**Problem to work on:** Images in the data are to be skipped, while every line is restated exactly as written.

**Given information:**

━━━━━━━━━━

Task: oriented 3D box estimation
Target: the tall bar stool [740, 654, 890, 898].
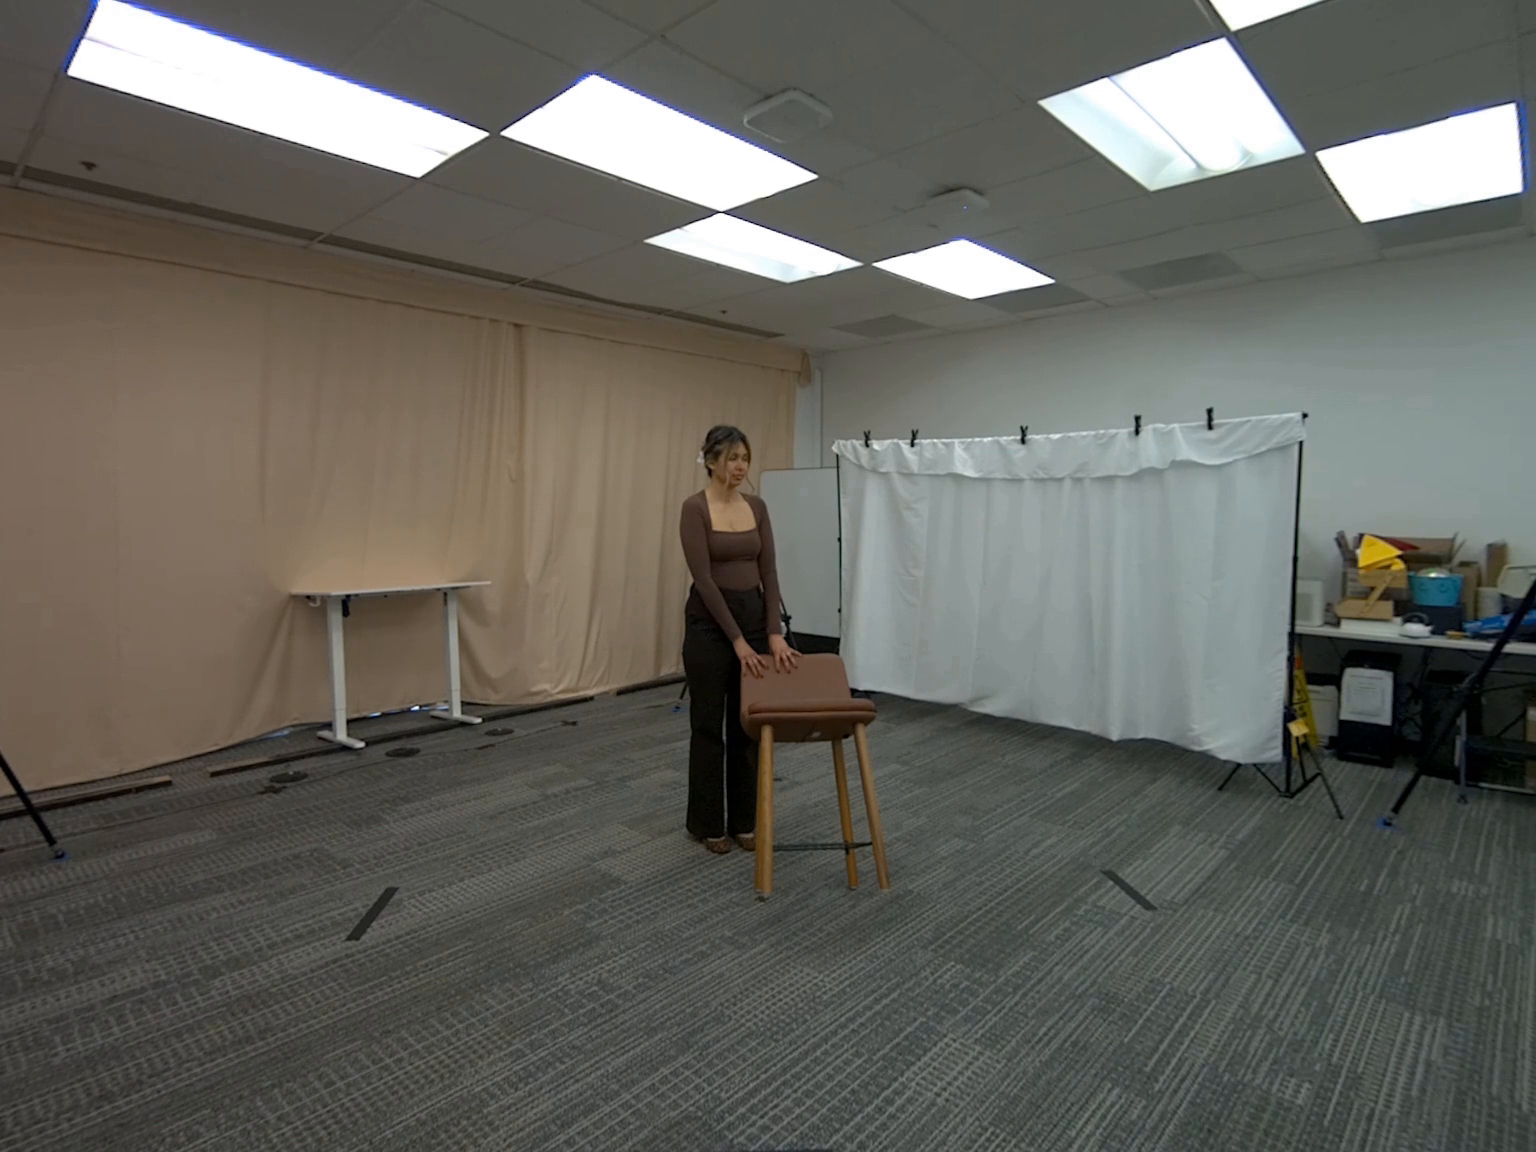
[{"bbox_3d":[0.147,0.658,3.016,0.455,0.902,0.463,-1,-22,-4],"label":"tall bar stool"}]
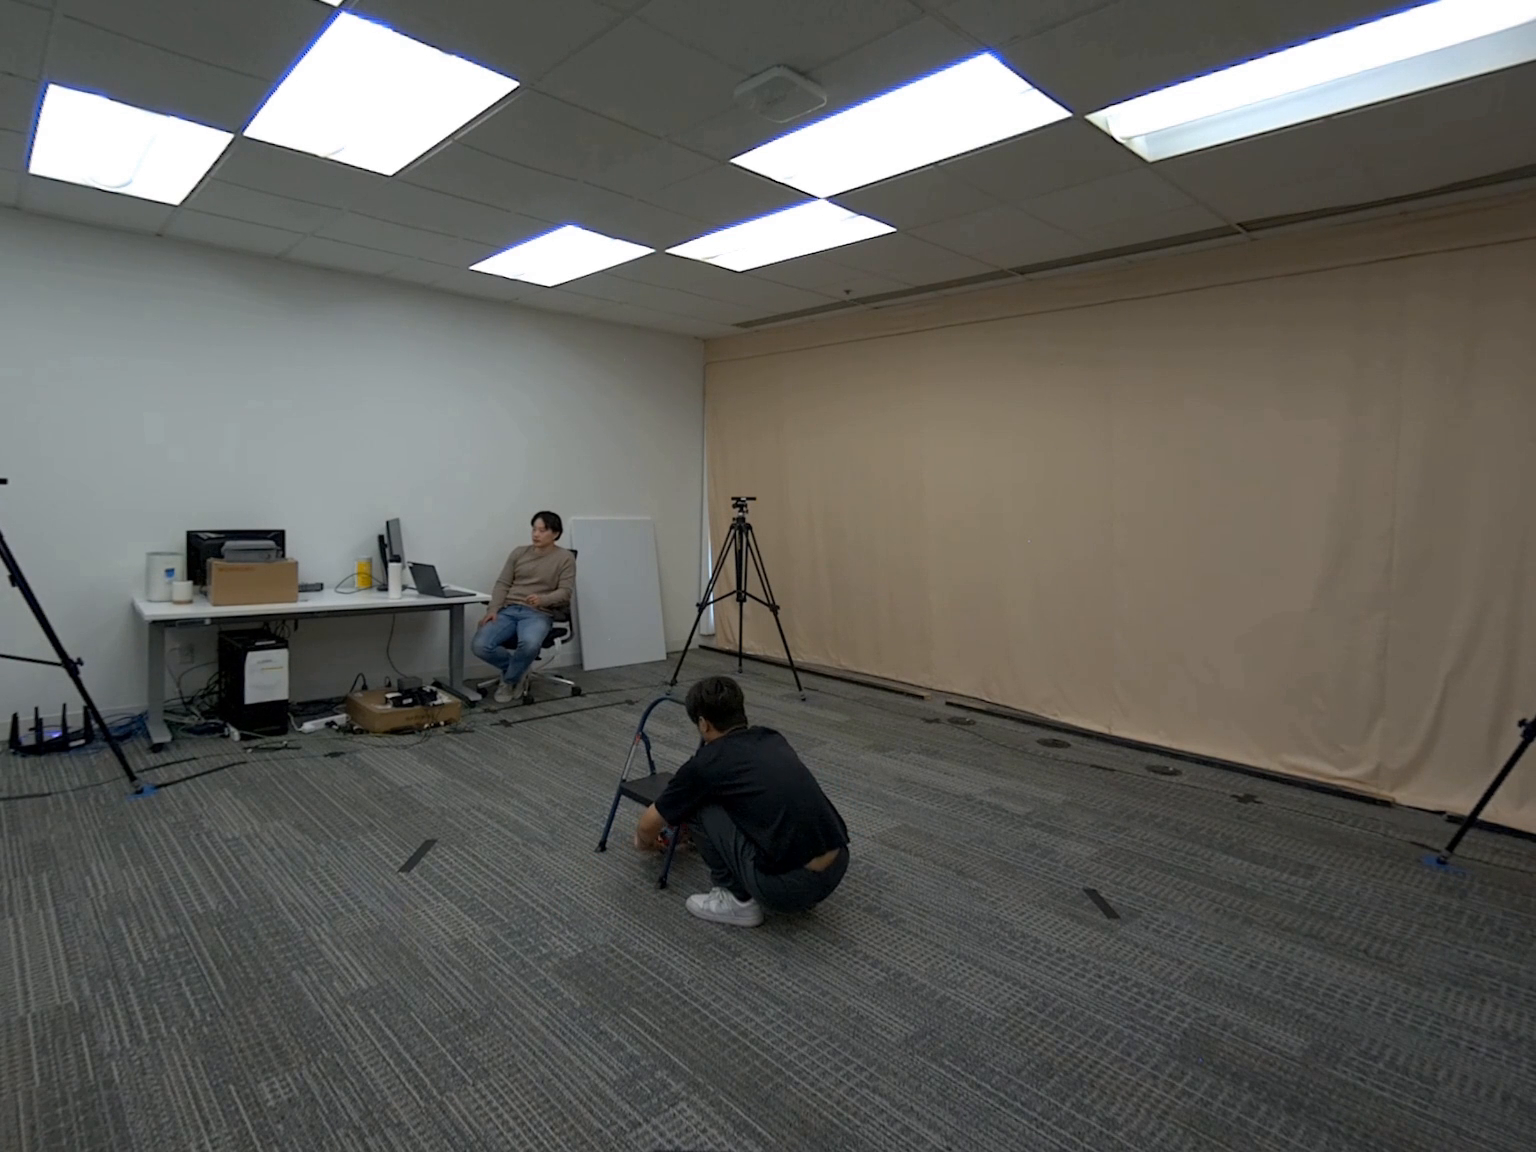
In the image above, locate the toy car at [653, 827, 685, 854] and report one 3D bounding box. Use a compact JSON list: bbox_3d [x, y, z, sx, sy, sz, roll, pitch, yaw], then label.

━━━━━━━━━━

**Task result:**
Task: oriented 3D box estimation
Target: the tall bar stool [740, 654, 890, 898].
[{"bbox_3d":[0.147,0.658,3.016,0.455,0.902,0.463,-1,-22,-4],"label":"tall bar stool"}]
In the image above, locate the toy car at [653, 827, 685, 854] and report one 3D bounding box. Use a compact JSON list: bbox_3d [x, y, z, sx, sy, sz, roll, pitch, yaw], then label.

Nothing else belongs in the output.